(EXERCISE DATA)

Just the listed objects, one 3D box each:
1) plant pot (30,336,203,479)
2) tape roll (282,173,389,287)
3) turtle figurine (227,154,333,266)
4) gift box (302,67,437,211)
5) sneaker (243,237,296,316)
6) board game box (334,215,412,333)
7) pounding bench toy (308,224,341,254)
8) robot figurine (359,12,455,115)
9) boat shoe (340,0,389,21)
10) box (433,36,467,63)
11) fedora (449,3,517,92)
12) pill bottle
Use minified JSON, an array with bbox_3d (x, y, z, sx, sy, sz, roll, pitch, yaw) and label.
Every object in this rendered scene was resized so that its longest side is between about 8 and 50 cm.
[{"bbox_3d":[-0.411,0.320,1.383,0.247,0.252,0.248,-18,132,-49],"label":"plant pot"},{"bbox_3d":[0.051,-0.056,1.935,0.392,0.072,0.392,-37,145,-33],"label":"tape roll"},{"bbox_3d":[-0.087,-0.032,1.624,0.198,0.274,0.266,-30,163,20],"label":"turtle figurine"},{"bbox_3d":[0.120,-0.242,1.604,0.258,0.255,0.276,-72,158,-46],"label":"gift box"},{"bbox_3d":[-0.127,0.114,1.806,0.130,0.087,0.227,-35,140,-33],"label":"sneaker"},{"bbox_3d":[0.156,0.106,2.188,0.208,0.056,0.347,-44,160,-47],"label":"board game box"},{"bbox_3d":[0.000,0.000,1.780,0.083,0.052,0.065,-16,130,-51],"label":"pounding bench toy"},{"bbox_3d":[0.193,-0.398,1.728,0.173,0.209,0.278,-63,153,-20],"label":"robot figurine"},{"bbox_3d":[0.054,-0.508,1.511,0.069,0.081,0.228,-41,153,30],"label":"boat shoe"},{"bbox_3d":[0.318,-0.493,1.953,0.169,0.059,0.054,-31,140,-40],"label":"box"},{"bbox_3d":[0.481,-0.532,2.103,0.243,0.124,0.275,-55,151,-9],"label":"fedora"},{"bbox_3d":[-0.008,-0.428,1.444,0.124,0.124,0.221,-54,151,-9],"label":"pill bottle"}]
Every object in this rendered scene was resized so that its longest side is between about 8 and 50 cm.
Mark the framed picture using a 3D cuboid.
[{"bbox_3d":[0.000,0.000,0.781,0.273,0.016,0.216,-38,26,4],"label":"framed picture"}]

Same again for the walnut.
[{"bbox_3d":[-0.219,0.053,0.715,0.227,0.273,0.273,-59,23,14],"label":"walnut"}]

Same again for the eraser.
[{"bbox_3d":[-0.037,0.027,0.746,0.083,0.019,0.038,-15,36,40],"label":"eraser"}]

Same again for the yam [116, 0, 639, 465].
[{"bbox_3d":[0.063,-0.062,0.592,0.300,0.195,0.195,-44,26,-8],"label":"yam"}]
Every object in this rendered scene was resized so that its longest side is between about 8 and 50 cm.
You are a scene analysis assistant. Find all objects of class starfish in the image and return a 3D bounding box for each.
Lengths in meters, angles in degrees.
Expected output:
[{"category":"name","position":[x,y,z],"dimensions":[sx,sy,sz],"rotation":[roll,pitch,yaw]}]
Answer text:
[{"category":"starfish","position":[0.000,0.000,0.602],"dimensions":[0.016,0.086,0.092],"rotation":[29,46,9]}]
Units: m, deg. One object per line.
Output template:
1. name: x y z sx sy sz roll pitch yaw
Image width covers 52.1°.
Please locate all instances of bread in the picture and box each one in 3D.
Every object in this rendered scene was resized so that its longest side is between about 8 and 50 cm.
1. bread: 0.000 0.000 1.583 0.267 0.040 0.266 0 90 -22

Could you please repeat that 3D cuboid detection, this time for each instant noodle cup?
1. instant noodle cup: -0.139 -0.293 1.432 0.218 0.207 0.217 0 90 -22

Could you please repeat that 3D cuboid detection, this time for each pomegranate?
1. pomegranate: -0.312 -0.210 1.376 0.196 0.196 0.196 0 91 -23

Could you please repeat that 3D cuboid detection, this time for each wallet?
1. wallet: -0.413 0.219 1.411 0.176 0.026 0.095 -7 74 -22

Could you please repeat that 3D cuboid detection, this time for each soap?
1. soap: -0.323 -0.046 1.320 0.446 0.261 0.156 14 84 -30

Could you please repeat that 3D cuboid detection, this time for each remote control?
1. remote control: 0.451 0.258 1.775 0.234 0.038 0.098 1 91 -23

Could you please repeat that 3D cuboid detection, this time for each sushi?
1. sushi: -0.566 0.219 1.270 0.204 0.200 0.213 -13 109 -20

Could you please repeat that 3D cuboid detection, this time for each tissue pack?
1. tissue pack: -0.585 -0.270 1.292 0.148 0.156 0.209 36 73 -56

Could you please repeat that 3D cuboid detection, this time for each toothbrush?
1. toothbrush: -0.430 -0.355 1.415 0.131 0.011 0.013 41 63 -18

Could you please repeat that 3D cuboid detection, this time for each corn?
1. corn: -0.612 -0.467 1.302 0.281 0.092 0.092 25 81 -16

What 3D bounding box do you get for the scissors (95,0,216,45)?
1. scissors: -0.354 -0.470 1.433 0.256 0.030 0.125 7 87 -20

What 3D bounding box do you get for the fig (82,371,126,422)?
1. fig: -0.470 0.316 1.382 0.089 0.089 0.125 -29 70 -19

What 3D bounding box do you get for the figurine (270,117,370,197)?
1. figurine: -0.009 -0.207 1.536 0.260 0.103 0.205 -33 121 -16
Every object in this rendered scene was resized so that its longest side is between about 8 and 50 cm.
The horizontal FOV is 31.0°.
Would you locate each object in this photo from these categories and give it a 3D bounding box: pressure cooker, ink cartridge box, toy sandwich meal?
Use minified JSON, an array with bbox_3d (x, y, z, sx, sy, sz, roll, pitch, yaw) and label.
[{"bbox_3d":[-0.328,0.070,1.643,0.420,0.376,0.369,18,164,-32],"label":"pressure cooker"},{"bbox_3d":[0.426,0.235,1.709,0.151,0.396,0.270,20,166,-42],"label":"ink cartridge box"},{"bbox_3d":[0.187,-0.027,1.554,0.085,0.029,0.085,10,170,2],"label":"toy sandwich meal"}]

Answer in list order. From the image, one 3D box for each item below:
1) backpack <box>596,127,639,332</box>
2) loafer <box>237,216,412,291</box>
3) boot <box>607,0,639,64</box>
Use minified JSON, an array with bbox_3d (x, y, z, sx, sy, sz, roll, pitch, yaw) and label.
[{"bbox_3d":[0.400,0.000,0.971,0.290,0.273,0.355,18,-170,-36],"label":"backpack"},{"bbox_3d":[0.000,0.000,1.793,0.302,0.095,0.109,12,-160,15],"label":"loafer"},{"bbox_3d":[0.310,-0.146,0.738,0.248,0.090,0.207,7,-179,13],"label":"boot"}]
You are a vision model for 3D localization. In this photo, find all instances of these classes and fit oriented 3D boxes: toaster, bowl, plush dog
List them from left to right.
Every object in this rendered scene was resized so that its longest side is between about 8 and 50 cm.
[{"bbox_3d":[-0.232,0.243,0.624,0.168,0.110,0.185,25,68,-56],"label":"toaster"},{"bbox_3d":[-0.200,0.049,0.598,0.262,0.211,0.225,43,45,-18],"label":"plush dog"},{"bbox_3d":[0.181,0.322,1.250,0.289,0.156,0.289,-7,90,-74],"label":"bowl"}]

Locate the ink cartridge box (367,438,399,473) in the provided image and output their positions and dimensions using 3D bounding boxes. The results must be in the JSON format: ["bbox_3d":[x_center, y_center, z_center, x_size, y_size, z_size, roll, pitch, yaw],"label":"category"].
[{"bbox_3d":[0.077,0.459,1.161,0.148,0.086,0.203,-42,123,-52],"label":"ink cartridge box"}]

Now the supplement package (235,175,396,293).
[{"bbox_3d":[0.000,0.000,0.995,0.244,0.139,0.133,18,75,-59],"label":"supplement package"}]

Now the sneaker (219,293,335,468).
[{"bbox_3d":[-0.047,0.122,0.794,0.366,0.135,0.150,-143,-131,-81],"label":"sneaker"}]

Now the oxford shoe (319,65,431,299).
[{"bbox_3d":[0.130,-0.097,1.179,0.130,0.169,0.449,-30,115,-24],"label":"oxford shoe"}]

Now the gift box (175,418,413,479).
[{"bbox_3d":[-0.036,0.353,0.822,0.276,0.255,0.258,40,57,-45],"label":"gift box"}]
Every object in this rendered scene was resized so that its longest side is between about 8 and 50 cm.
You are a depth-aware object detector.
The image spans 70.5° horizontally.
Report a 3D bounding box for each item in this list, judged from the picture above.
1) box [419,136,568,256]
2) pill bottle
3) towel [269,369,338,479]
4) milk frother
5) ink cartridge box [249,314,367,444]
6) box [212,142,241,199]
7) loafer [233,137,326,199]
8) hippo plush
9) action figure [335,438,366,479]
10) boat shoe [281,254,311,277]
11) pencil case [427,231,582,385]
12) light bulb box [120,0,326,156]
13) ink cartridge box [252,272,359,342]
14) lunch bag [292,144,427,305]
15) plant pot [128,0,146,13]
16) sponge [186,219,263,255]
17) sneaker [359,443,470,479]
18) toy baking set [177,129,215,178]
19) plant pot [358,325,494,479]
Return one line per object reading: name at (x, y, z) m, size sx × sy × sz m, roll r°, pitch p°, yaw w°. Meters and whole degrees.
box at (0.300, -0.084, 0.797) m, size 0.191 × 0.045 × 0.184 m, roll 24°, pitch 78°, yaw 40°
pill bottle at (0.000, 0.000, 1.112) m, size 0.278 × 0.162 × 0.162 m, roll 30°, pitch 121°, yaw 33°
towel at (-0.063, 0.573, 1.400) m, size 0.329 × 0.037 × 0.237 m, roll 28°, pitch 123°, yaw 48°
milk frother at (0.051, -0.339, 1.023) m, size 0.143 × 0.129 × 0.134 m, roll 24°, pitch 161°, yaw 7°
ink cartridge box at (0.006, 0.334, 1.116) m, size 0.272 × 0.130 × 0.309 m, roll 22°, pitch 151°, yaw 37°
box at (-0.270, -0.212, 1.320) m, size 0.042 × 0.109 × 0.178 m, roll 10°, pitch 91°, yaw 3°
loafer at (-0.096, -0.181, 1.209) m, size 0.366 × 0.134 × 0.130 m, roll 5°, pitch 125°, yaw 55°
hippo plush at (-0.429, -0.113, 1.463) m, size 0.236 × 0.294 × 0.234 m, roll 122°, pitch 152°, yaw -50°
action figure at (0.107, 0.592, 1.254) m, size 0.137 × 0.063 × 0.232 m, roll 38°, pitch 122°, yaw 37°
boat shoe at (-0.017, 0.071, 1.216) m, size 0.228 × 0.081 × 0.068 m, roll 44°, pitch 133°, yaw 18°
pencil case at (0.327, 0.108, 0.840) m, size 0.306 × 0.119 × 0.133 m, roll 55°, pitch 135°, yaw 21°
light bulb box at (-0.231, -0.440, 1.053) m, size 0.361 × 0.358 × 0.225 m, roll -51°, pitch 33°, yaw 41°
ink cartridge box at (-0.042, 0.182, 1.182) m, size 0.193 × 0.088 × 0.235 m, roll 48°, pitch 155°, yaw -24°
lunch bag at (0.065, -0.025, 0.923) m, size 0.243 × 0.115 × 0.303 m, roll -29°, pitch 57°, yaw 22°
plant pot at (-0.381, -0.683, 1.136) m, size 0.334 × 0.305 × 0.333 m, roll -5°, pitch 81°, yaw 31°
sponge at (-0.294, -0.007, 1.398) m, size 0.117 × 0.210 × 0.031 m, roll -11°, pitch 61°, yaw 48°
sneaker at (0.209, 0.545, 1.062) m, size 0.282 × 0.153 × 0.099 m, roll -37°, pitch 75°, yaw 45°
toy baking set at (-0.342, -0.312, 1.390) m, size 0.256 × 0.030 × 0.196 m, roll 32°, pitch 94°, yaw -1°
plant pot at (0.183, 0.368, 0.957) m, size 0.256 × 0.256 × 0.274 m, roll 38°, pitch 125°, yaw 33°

(End EXERCISE DATA)

Find how many lines in the listing hold "these", and reply with that number only.

2